On Jun 6, 2013, at 9:15 AM, Manu Sporny <msporny@digitalbazaar.com> wrote:

> On 05/31/2013 01:10 PM, Alex Milowski wrote:
>> I dug into this a bit and essentially, as Peter points out, the 
>> "lang" property on any element node in the DOM is mostly useless for
>> determining the language of a node.  The language is defined in
>> HTML5 as the nearest ancestor with an lang/xml:lang attribute [1]. If
>> there is no such ancestor, the "pragma-set default language" is used
>> (i.e. the "meta" element with http-equiv="content-language").
> 
> I had a chat with the guys working on the HTML5 spec and DOM spec about
> this particular topic.
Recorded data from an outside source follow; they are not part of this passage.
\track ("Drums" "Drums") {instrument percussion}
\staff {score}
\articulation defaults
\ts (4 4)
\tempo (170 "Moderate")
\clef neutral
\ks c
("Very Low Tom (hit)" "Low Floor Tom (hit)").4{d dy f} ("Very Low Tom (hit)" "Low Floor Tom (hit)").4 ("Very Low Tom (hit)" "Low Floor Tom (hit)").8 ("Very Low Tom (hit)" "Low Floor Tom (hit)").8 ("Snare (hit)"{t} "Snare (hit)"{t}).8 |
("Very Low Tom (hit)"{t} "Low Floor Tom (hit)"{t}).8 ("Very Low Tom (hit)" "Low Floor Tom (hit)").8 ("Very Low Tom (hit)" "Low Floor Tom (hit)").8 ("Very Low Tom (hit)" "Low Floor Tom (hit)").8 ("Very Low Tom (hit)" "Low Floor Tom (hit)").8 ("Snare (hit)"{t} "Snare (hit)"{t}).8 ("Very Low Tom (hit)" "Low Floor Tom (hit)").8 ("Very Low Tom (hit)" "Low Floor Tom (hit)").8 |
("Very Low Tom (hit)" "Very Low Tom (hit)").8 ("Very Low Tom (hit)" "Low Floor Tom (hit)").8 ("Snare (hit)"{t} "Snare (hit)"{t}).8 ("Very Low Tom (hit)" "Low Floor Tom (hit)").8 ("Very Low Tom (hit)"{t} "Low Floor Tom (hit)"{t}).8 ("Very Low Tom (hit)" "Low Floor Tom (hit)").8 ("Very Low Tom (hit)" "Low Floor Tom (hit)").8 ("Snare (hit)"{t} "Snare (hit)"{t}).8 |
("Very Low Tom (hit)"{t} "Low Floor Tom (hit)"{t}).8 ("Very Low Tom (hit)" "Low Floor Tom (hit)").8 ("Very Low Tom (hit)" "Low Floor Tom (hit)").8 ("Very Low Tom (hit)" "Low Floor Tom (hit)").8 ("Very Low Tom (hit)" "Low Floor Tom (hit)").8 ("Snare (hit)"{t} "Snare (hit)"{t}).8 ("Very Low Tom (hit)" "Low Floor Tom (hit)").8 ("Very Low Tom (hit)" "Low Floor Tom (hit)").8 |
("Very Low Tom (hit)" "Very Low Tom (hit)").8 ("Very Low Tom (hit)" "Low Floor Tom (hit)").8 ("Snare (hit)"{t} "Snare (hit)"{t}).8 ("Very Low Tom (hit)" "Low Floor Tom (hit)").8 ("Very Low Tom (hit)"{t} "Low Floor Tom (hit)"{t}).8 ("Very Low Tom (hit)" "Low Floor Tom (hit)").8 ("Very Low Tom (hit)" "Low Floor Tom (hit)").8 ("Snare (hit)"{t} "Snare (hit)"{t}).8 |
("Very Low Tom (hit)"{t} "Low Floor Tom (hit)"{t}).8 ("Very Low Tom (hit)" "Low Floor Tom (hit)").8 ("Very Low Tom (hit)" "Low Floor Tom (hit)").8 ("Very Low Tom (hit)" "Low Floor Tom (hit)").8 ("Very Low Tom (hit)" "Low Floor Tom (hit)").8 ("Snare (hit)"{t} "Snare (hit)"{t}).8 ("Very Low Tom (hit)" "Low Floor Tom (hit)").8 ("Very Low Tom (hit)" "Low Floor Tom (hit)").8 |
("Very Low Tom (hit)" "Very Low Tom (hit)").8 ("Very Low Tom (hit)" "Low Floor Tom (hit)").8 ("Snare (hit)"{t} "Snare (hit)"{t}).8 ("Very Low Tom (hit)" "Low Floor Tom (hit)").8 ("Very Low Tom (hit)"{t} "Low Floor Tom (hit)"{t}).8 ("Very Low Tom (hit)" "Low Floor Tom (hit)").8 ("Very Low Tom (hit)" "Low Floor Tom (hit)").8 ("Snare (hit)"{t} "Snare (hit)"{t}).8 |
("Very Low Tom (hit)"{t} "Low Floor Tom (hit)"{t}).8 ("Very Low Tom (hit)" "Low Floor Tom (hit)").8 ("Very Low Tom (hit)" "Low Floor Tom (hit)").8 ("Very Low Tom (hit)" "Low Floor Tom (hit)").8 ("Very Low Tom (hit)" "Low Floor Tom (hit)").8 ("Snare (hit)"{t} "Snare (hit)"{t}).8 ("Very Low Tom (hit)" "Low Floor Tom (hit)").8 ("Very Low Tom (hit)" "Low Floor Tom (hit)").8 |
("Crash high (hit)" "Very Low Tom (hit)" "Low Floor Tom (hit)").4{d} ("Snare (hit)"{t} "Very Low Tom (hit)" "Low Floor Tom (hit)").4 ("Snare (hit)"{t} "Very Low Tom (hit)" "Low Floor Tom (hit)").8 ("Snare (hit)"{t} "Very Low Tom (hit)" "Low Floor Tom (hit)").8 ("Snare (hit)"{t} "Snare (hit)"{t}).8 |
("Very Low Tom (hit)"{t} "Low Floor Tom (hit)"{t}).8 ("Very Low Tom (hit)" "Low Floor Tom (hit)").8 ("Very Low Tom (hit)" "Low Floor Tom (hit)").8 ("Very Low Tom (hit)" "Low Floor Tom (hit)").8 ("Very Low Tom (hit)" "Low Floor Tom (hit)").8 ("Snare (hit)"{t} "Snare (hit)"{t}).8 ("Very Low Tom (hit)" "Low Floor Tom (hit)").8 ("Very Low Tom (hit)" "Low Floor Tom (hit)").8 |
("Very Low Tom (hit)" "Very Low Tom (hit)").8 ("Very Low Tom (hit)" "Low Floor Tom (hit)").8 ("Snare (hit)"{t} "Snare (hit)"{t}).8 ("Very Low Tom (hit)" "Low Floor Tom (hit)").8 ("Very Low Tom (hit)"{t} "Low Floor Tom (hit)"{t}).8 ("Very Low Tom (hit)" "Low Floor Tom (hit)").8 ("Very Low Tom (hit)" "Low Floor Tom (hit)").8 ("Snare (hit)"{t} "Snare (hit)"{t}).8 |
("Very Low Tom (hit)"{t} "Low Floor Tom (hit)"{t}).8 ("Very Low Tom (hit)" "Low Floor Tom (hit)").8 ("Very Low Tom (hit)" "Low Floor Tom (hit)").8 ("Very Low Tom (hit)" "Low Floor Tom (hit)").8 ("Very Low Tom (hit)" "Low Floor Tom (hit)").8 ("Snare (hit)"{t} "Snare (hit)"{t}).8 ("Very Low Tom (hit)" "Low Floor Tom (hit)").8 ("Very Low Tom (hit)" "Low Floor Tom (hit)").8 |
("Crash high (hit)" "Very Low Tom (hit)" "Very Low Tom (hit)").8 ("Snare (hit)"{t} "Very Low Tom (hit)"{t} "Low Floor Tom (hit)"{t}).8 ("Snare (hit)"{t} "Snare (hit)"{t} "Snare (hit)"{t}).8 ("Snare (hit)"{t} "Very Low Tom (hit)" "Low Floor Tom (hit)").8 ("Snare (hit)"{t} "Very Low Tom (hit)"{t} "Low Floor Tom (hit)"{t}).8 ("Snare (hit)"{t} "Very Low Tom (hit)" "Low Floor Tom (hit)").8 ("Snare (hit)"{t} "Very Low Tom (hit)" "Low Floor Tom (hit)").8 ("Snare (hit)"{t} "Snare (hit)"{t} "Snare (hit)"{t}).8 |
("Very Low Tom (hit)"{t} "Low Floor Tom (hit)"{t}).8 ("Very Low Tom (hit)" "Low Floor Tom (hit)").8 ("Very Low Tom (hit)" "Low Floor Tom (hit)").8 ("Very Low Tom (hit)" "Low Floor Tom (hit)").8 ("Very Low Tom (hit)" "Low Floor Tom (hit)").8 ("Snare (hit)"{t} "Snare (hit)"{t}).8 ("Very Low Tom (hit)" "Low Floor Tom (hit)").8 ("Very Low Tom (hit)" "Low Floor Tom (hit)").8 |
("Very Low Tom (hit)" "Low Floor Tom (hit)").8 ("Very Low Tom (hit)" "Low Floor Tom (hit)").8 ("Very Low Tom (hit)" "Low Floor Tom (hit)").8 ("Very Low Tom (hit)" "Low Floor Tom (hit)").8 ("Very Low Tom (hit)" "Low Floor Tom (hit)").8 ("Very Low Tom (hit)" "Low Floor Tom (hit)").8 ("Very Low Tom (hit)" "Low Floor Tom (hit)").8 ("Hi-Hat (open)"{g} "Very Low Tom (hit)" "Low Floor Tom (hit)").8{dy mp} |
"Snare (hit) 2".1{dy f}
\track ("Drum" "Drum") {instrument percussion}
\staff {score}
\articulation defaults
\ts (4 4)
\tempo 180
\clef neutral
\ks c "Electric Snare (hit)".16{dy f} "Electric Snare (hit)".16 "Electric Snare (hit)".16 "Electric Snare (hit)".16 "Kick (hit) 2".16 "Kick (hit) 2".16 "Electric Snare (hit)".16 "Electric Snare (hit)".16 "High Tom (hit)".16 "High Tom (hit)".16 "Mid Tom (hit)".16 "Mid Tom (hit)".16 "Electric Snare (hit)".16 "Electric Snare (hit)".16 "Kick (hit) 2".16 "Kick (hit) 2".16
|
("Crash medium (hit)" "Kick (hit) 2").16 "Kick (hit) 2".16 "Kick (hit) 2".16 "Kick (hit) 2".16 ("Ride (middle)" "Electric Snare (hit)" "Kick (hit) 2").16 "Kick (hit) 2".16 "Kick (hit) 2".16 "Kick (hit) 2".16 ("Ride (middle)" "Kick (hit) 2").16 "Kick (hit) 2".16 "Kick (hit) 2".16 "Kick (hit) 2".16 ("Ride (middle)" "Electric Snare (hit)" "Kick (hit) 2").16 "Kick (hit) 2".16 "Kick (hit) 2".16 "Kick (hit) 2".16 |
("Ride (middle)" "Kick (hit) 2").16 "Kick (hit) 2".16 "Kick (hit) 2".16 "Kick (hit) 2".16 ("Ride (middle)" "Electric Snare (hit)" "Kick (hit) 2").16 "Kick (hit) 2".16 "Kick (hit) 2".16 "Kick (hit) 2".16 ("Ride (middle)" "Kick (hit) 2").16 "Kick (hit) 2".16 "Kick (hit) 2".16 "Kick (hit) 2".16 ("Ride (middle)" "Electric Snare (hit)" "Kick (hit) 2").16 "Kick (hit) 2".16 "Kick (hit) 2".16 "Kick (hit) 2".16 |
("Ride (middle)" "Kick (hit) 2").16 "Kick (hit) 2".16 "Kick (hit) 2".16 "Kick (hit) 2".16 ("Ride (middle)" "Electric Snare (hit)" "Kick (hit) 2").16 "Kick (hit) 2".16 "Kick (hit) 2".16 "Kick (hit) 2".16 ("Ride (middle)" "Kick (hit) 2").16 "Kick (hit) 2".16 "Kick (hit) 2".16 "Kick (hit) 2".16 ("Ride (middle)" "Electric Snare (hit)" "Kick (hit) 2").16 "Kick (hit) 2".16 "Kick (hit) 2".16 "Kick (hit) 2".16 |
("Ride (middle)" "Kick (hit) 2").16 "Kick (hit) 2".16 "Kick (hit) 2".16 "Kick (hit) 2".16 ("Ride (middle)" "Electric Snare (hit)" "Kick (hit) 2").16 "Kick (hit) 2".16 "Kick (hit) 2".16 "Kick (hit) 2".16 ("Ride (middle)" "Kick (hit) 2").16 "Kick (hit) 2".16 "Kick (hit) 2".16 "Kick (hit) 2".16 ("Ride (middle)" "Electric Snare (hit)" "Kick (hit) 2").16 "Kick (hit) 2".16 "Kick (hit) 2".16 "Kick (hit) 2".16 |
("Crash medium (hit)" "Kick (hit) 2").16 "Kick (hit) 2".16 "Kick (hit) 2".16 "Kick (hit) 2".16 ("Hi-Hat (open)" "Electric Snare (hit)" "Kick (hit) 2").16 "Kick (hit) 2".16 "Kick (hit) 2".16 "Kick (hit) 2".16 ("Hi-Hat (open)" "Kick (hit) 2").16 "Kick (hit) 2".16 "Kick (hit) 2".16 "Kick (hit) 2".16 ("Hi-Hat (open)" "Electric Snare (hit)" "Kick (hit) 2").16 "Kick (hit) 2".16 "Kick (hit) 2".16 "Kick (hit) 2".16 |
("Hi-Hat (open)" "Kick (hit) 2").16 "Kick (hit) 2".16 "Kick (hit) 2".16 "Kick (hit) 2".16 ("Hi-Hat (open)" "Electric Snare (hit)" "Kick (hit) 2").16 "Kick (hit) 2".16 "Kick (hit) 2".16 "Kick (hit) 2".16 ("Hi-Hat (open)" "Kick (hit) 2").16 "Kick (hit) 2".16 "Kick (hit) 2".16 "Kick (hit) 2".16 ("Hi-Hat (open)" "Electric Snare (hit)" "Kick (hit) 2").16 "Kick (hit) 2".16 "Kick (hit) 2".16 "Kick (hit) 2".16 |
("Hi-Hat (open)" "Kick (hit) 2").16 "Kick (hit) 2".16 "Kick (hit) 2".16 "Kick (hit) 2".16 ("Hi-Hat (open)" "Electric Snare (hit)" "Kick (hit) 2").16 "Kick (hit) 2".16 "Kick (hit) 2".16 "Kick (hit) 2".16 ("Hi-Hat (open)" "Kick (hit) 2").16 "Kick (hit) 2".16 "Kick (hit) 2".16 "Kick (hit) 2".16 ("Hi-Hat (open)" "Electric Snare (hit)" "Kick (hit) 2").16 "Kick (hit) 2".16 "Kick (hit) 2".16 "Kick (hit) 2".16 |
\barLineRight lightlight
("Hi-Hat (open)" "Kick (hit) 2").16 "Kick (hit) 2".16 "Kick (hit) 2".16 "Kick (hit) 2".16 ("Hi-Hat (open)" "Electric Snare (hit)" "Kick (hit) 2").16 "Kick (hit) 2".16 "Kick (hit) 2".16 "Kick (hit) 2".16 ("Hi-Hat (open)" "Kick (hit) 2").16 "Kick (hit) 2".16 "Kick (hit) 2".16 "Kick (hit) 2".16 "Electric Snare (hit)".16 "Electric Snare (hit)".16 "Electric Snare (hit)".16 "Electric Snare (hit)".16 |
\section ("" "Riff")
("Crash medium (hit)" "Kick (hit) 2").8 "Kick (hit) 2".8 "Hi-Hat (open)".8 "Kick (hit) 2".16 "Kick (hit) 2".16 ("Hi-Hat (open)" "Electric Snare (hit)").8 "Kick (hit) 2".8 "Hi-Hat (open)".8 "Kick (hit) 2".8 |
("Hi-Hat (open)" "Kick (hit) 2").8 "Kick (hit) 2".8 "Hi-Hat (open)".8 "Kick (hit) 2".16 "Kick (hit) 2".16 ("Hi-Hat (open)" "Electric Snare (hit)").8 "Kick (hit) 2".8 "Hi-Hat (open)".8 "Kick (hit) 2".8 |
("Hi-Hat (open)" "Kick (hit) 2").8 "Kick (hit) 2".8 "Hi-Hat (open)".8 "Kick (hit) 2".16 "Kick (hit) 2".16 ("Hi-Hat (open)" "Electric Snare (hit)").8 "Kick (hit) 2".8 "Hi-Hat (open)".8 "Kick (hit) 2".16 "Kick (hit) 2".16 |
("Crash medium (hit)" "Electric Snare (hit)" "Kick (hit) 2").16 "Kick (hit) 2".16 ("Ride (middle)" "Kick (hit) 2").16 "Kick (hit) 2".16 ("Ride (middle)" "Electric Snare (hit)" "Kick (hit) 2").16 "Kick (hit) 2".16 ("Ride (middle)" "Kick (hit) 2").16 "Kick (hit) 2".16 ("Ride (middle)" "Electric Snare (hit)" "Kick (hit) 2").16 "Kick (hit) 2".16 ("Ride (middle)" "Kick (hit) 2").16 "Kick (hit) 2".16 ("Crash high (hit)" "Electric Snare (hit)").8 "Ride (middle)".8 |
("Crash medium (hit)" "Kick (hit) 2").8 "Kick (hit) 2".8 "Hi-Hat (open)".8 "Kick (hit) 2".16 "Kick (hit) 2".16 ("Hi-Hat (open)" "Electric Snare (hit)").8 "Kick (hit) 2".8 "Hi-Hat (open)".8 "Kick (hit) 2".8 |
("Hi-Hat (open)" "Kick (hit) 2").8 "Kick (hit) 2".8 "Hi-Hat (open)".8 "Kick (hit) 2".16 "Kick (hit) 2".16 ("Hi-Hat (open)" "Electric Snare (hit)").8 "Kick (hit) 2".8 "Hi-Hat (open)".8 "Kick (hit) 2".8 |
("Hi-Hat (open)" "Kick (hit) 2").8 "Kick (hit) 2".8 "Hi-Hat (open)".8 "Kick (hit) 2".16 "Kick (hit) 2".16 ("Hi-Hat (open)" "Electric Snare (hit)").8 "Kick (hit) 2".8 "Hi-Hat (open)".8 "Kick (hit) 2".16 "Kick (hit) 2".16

The answer is a bit more complicated than we'd
> like it to be, but I think the logic on it is clear. Here's a link to
> the discussion:
> 
> http://krijnhoetmer.nl/irc-logs/whatwg/20130606#l-554
> 
> and a link to the DOM bug on this particular issue:
> 
> https://www.w3.org/Bugs/Public/show_bug.cgi?id=16489
> 
> Just to be clear, this issue occurs when a Content-Language is set via
> an HTTP header and the document does not contain any language
> information. When processing an HTML5+RDFa document, a Javascript-based
> processor would think there was no language and a processor that has
> access to the HTTP response would set the language correctly.
> 
> We have a couple of options moving forward:
> 
> 1. Create a language discovery mechanism unique to HTML+RDFa.
> 2. Ignore Content-Language.
> 3. Follow the HTML5 spec wrt. language discovery.
> 
> Doing #1 and #2 basically equate to the same thing. We end up creating
> our own language discovery mechanism in RDFa and it's incompatible with
> all of the host languages. The editors of the HTML5 and DOM specs
> thought that this would be a bad direction and I agree with them.
> 
> The third option seems to be the most logical approach forward. The
> specification would stay as it is right now. Implementations must follow
> the HTML5 processing rules wrt. setting an element's language. The
> downside with this approach is that until the DOM bug above is fixed,
> Javascript-based processors will be non-conforming in this particular
> edge case (when the document's language is only set using
> Content-Language). The HTML5 and DOM spec authors agreed that this is
> the correct approach forward.

+1, as an HTML extension the third option is the only one that makes sense.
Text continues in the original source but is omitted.